Chickens are also rather partial to some comfrey now and then. I add it to my Chicken Tonic which you can read about here. What a useful herb that brings delight to plant and foul alike and to me; as I wonder about with my watering can full of this elixir I feel as if my plants are sitting up just that little bit straighter, nudging each other and waving their leaves excitedly with a soft chorus of “Me First!” on the breeze. The Figlets don’t call me Crazy Lady for nothing you understand…..the cheek!

A Little Light planning

Kings seed Catalogue

It’s still raining here and the puddles are getting bigger and deeper and more pond like in the paddock. The sheep are very happy mooching around and the cheeky little Pukekoes are just adoring this inclement weather. They love splashing around in puddles on their awkward red legs; such a geeky, gawky bird!

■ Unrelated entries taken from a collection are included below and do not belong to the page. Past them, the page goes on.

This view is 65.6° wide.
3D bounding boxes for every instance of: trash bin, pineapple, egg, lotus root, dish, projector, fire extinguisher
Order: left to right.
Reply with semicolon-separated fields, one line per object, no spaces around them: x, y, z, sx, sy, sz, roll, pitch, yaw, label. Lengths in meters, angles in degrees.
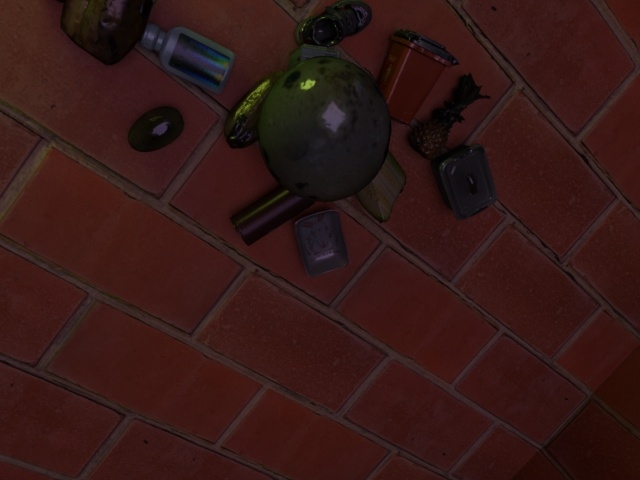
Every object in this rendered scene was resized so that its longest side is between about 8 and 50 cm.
-0.494;-0.567;1.178;0.193;0.193;0.290;27;102;-23;lotus root
-0.176;-0.364;1.392;0.258;0.097;0.110;-49;122;-2;lotus root
-0.100;-0.104;1.517;0.337;0.106;0.147;-32;146;-2;fire extinguisher
-0.017;-0.491;1.353;0.115;0.147;0.061;3;101;-17;projector
0.000;0.000;1.588;0.151;0.077;0.212;-18;117;-7;dish
0.011;-0.283;1.272;0.345;0.428;0.344;0;68;0;egg
0.263;-0.467;1.445;0.185;0.161;0.238;16;113;-20;trash bin
0.395;-0.381;1.536;0.119;0.130;0.277;42;98;4;pineapple

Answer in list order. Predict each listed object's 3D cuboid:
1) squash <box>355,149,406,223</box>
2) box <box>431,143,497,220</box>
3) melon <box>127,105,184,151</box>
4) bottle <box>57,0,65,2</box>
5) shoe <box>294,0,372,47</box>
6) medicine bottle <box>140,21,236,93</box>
0.123;-0.215;1.516;0.289;0.111;0.203;43;61;-28;squash
0.464;-0.196;1.614;0.162;0.130;0.227;-28;116;-4;box
-0.446;-0.299;1.340;0.162;0.099;0.099;-31;115;-1;melon
-0.589;-0.692;1.137;0.112;0.112;0.260;25;102;-23;bottle
0.043;-0.589;1.347;0.228;0.125;0.099;-26;112;-3;shoe
-0.348;-0.487;1.300;0.229;0.083;0.121;21;106;-23;medicine bottle
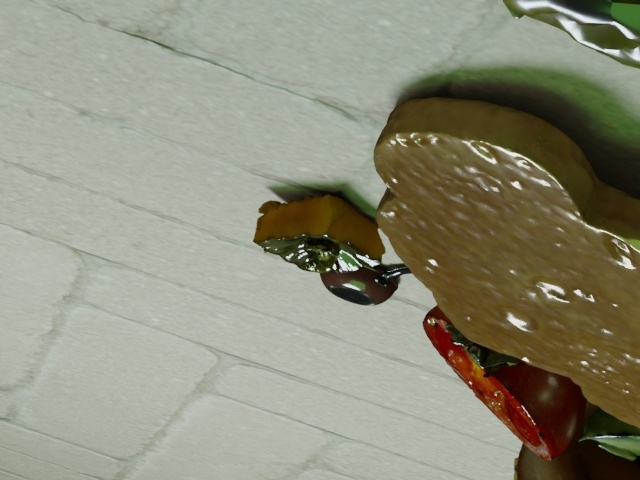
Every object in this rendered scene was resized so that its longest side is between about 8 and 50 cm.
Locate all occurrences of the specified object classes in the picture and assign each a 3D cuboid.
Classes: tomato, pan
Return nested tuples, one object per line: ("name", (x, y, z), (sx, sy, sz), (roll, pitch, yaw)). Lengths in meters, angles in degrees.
("tomato", (0.161, 0.092, 1.539), (0.159, 0.091, 0.139), (41, 168, 33))
("pan", (0.044, 0.034, 1.567), (0.068, 0.023, 0.115), (32, 156, -34))

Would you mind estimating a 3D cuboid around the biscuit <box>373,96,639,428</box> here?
("biscuit", (0.174, 0.023, 1.325), (0.269, 0.051, 0.376), (12, 152, 40))

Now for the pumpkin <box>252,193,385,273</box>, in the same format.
("pumpkin", (0.000, 0.000, 1.471), (0.083, 0.054, 0.074), (-7, 154, 39))

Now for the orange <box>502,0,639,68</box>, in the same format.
("orange", (0.186, -0.162, 0.573), (0.368, 0.271, 0.210), (7, 169, 17))

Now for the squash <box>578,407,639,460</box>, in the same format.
("squash", (0.355, 0.173, 1.564), (0.252, 0.093, 0.169), (0, 143, 25))

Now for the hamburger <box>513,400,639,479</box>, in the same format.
("hamburger", (0.270, 0.224, 1.613), (0.236, 0.237, 0.147), (18, 136, -2))
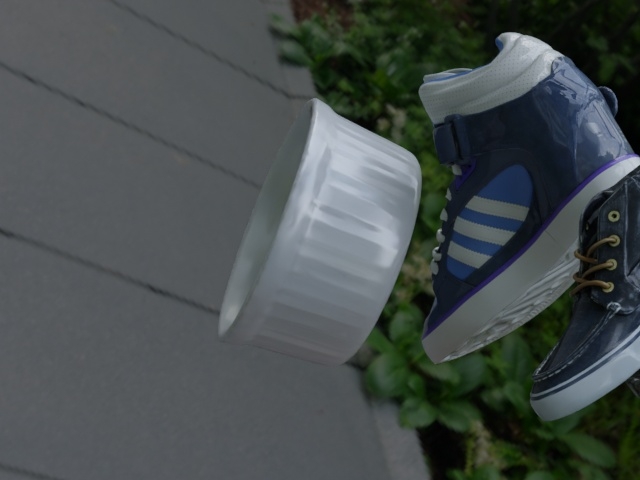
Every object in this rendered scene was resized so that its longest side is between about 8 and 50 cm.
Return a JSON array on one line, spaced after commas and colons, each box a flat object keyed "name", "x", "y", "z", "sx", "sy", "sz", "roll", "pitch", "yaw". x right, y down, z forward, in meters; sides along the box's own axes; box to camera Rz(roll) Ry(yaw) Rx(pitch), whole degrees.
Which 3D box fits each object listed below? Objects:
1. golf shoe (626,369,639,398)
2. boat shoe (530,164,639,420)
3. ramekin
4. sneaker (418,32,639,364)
[{"name": "golf shoe", "x": 0.387, "y": 0.119, "z": 0.878, "sx": 0.105, "sy": 0.272, "sz": 0.120, "roll": -53, "pitch": 129, "yaw": -57}, {"name": "boat shoe", "x": 0.173, "y": 0.023, "z": 0.656, "sx": 0.183, "sy": 0.065, "sz": 0.083, "roll": -39, "pitch": 93, "yaw": -22}, {"name": "ramekin", "x": 0.000, "y": 0.000, "z": 1.173, "sx": 0.135, "sy": 0.277, "sz": 0.277, "roll": 21, "pitch": 33, "yaw": -10}, {"name": "sneaker", "x": 0.160, "y": -0.051, "z": 1.090, "sx": 0.130, "sy": 0.323, "sz": 0.236, "roll": -12, "pitch": 61, "yaw": -42}]
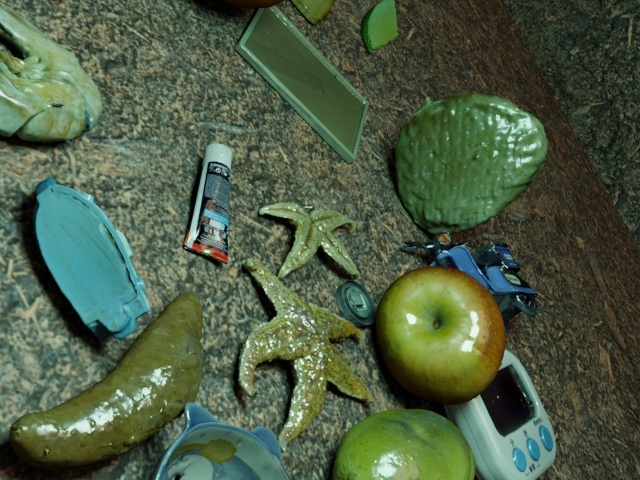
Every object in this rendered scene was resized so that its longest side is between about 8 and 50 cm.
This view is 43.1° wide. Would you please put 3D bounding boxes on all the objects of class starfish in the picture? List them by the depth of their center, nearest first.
[{"bbox_3d":[-0.011,0.163,1.180,0.302,0.060,0.299,18,46,-46],"label":"starfish"},{"bbox_3d":[0.002,0.000,1.351,0.247,0.050,0.138,4,60,-48],"label":"starfish"}]

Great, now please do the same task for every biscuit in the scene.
[{"bbox_3d":[-0.070,-0.601,1.804,0.254,0.029,0.172,46,33,-16],"label":"biscuit"}]

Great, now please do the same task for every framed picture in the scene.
[{"bbox_3d":[-0.026,-0.325,1.627,0.324,0.020,0.240,42,35,-21],"label":"framed picture"}]

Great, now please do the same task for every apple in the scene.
[{"bbox_3d":[0.201,0.159,1.339,0.173,0.211,0.234,52,32,-54],"label":"apple"}]

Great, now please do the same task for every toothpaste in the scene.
[{"bbox_3d":[-0.161,-0.057,1.192,0.071,0.045,0.193,22,51,-31],"label":"toothpaste"}]

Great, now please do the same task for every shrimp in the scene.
[{"bbox_3d":[-0.417,-0.230,0.973,0.360,0.085,0.246,15,42,-51],"label":"shrimp"}]

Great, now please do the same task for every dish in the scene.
[{"bbox_3d":[-0.126,0.298,0.878,0.236,0.086,0.227,-20,77,-57],"label":"dish"}]

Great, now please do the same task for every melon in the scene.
[{"bbox_3d":[0.144,-0.525,2.029,0.114,0.053,0.261,63,31,-25],"label":"melon"}]

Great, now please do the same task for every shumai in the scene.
[{"bbox_3d":[0.332,-0.188,1.704,0.288,0.330,0.291,-19,87,-59],"label":"shumai"}]

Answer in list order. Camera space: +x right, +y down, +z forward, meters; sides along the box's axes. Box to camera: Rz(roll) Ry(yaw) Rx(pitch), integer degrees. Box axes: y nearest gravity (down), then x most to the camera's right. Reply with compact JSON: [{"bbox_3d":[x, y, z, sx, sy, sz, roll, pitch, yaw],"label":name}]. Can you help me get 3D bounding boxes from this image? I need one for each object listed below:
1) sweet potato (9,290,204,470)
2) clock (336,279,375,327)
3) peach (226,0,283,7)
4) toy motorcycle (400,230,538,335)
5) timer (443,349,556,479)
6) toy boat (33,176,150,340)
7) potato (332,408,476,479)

I forgot to mention in my last post that there is something other than Sorting and Trying Something New that I like to do when it’s rainy; I like Planning. Nothing pleases me more than a little Light Planning aka Dreaming. I always have a notebook of some description ready to be filled with my thoughts and wonderings. Here is my latest one:

Notebook Inside Note Book

Not what you were expecting? It’s a little Retro isn’t it?! It’s been upcycled from an old recipe book; old pages have been included throughout the book amongst the new pages. My hubbie, Mr Fig, bought it for me as I have a bit of a thing about herbs. My Planning today is all about Spring!


I have lots of new ideas for my garden this Spring. I was delighted to receive my new copy of the latest Kings Seeds catalogue; I’ve clocked up a sizeable list of seeds to buy already. I find that I go through phases with flowers; especially certain colours. For the last two years I’ve gone mad for lime green and orange; pairing Zinnia Giant Lime with orange crepe poppies and calendulas with Bells of Ireland. I noticed after browsing through this catalogue that spiky purple flowers were On My Mind. We have a circular bed in the middle of our drive; the Roundabout Bed (or the drives-me-round-the-bend bed). It’s a bit of a conundrum for me so I’ve been very slowly (4 years worth of slowly) taking out plants and paring it back to a bare canvas. I found quite a few limestone rocks hiding under the agapanthas and Mr Fig very kindly went off with the trailer to procure a few more to edge part of the roundabout bed. What a difference! I don’t have Before and after photos but the purple spiky plants are the next addition to reinvent this bed so I will be photographing my progress from now on. Here are my purple spiky contenders….

I’m particularly taken with the Agastache since it has a lovely minty scent which I will benefit from every time I amble through the trying-hard-to-be-a-bluebell-wood path to feed the chickens. I also love the thought of anise with it’s culinary possibilities (great in fruit salads and teas). Decisions, decisions…. Here are a few more of my flower choices for 2013 including the Snail Vine that I can envisage scrambling over the back gate and arch of the vege garden wafting it’s gorgeous scent all over the veges! I love a bit of wafting! There’ll be a bit more scrambling action with Peach Melba Nasturtiums too; who can resist that yummy pudding name?

I have lots and lots of herbs but I still can’t resist adding to my herb beds with Alchemilla mollis. I was inspired by the wonderful blog Life in Mud Spattered Boots to plant Alchemilla molis with Globe artichokes and feverfew; just gorgeous.

Alchemilla Molis

These herbs look a bit interesting too…..

I grow so many veges from seed that it’s a bit overwhelming to picture them all. Therefore I’m going to show you my Ones To watch for 2013. These are ones that I haven’t grown before and am therefore not just a little but excited about! Gobstopper size carrots, mini white cucumbers and strawberry spinach. Yes spinach pickled with tiny little strawberries; both cucumbers and strawberry spinach will be perfect for my Pimm’s Bed.

Mmmm I can see it all now; a riot of colour and scent. Will be interesting to see just how my Planning turns out in Practice!!